Exercise:
Let $U:L^1(0,\infty)\to L^{\infty}(0,\infty)$, defined as \begin{equation}U(f)(x):=\int_0^x f(t)dt\end{equation} Prove that $U$ is linear, continuous but not compact.
My solutions (or what I managed to show):
$U$ is linear is quite trivial. $U$ is continuous: let $(f_n)_{n\geq 1}$ be a sequence in $L^1(0,\infty)$ converging to $f$. To show: $\lim_{n\to \infty}U(f_n)(x)=U(f)(x)$. Since $\lim_{n\to \infty}\int_0^x f_n(t)dt=\int_0^x f(t)dt$, $U$ is continuous.

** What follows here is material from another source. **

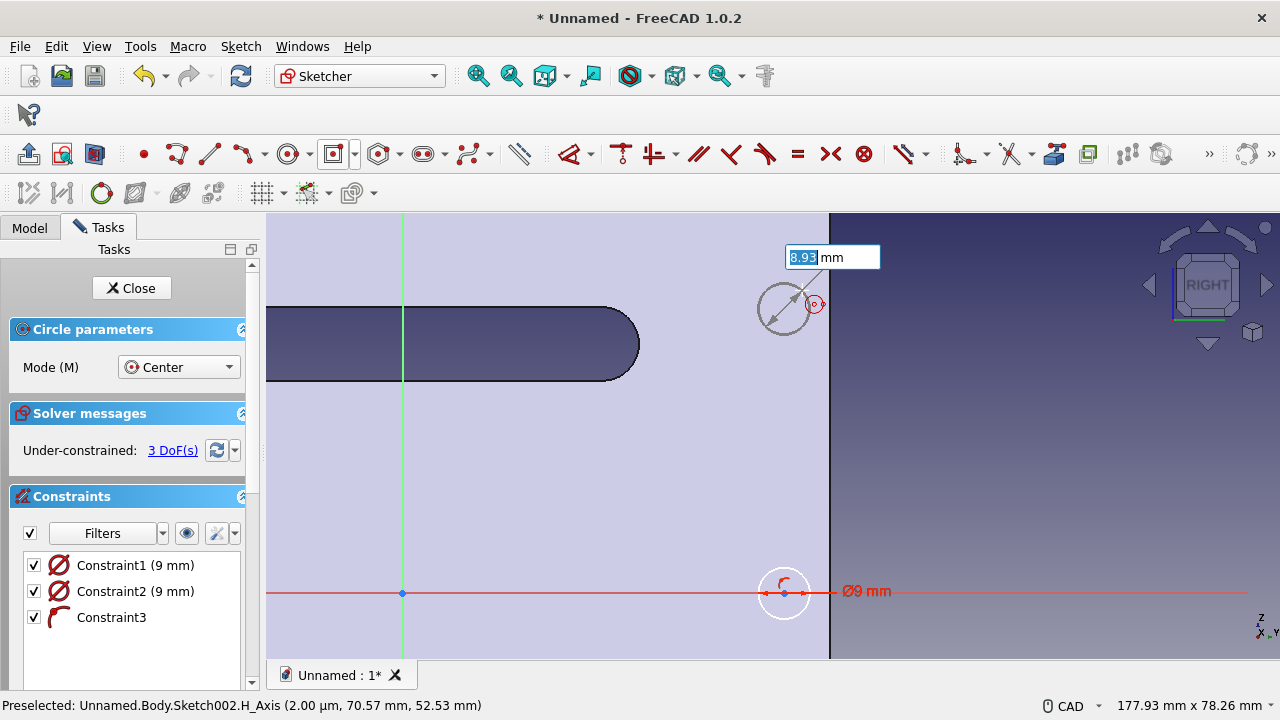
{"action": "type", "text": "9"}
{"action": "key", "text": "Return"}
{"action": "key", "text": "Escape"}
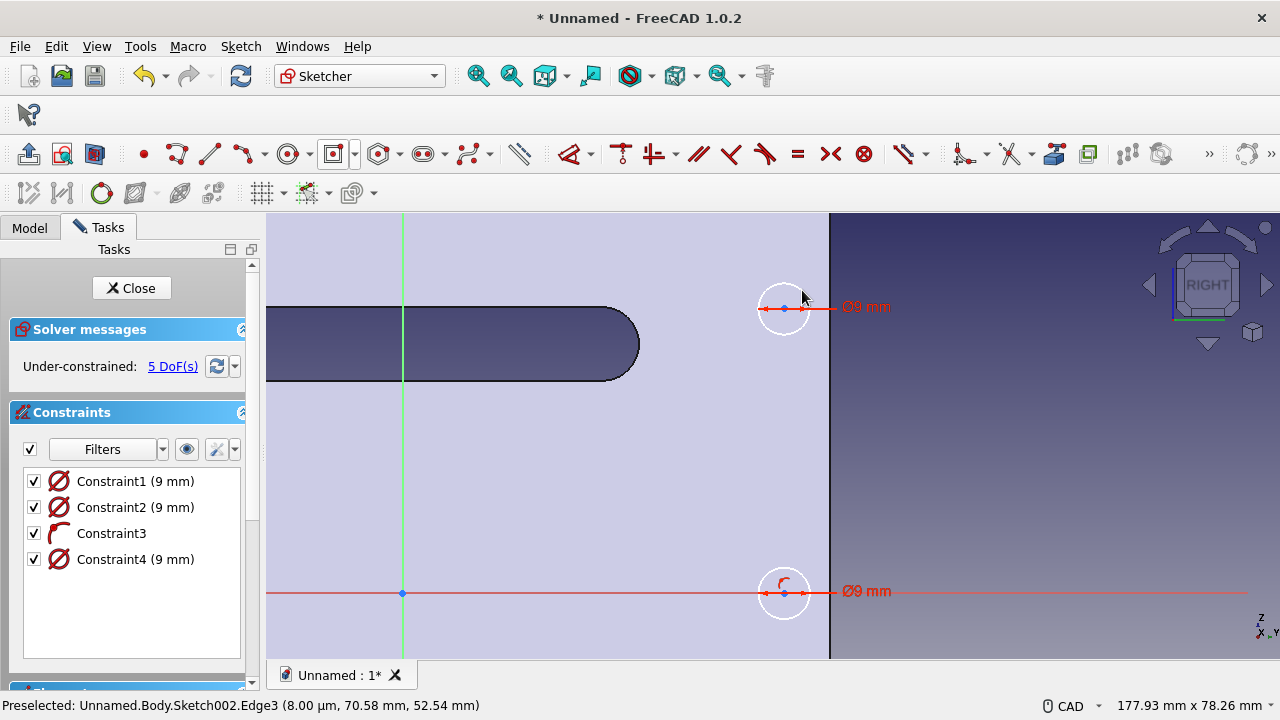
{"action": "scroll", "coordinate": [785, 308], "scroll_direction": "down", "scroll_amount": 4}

To show that $U$ is no compact, I have some troubles:
My question:
I tried to start by considering $f_n:=\mathbb{1}_{[n,n+1]}$ so we have $\Vert f_n\Vert_1=1$ and I define $g_n:=U(f_n)$. Then what I want to show is that $g_n$ cannot contain any Cauchy-Subsequence. How can I show this? Thank you in advance
Hint: Fix any $n\in\mathbb{N}$. Then, show that for any $m>n+1$, we have $\|g_n-g_m\|_{\infty} \geq 1$.